这种植物是神域的圣物,被昔日的阿萨神族用作装饰物,贴在额头和面颊,参加盛大礼会时会用。
因为轻盈脆嫩的质感,被希瓦纳斯认定也可以成为一种好吃的蔬菜。
它都是神族的圣物了,一定好吃的。
只是他种不出来,没关系,潘神可以。
没必要他亲自种。
带着那些‘蔬菜’回来的时候,希瓦纳斯刚走进轮船,就敏锐地闻到了一种大量香辛料混合的辛辣味。
他的脸色变了。
这是食物的味道。
与此同时,响起的是熟悉的,他刚离开不久就开始思念的甜美嗓音。
“l,你好厉害,真没想到你还会做饭。
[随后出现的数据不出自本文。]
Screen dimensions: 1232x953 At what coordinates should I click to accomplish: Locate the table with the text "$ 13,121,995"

”
听到这句话,希瓦纳斯有一瞬间的怔愣,随即垂在身侧的手指抽动了几下,骤然攥紧。
一直小心呵护在手里的蔬菜转瞬化为汁液。
经过剧烈挤压后,从莹白的指缝间隙缓缓滴落。
希瓦纳斯抬着眼睛,看到转角后坐在圆桌前的人类。
只是一个侧脸。
她白皙的脸颊一动一动,随后缓慢地吞咽,大概有些热,几缕没扎起来的长发贴着细白的脖颈,被海风吹得轻轻摇晃。
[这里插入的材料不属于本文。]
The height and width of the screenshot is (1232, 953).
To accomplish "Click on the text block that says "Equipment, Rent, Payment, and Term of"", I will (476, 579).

她的眼眸应该很亮,带着笑意,盯着她对面红着耳尖抿唇含笑的少年。
“l,你真的什么都会啊,太厉害了。”
在他的船上,被夸奖的少年耳垂泛红,低着头,微颤的眼睫显出一丝怯意。
但更多的是好奇和喜悦。
“你喜欢?”
“喜欢啊。”唐念用力点头。
少年脸色更红,身体情不自禁地往前倾斜,像是想要离她近一点。
眼神中充满了迷恋与狂热,严重到显得有些失常,仿佛在这种柔声细语的夸奖中失去了自我一样。
“那摸一摸,我的头……可以吗?”
那个少年,大概真的很爱她。
就和自己一样。
那她呢?
希瓦纳斯看不到唐念的表情,却能看到她伸出的手。
轻快地在少年头顶摸了摸。
“l,你怎么这么喜欢摸头,真的像只猫一样。”
她的声音愈发甜美,像裹在毒药上的糖衣。
“不,是小狗,你更像小狗,为什么当初会喊你猫猫?你明明看起来更像小狗。”
希瓦纳斯看着少年仰着头,眼神迷离到失去聚焦,嘴里的声音像是凭本能发出的,“我是什么都可以……你想怎么喊都可以。”
“好乖啊。”她又夸奖。
每说一句,少年就更沉沦一点。
“你果然是最听话的,真可爱,l。”
……原来是这样。
希瓦纳斯眼前泛起黑雾。
他一只手撑在身旁的栏杆上,才勉强克制住快要失控的身体。
原来是这样,她的手里一直有看不见的缰绳。
牵扯,周旋,安抚着他们。
唐念是人类,感受不到,可里面的少年不是。
他安静驯服地承受着唐念一下一下的抚摸,眼角眉梢透出快要融化的爱慕。
在不经意间,微微抬起目光,透过朦胧湿润的双眼,向希瓦纳斯隐藏的方向投来极为割裂的冷淡一眼,很快又重新沉浸在被人类抚摸的愉悦之中。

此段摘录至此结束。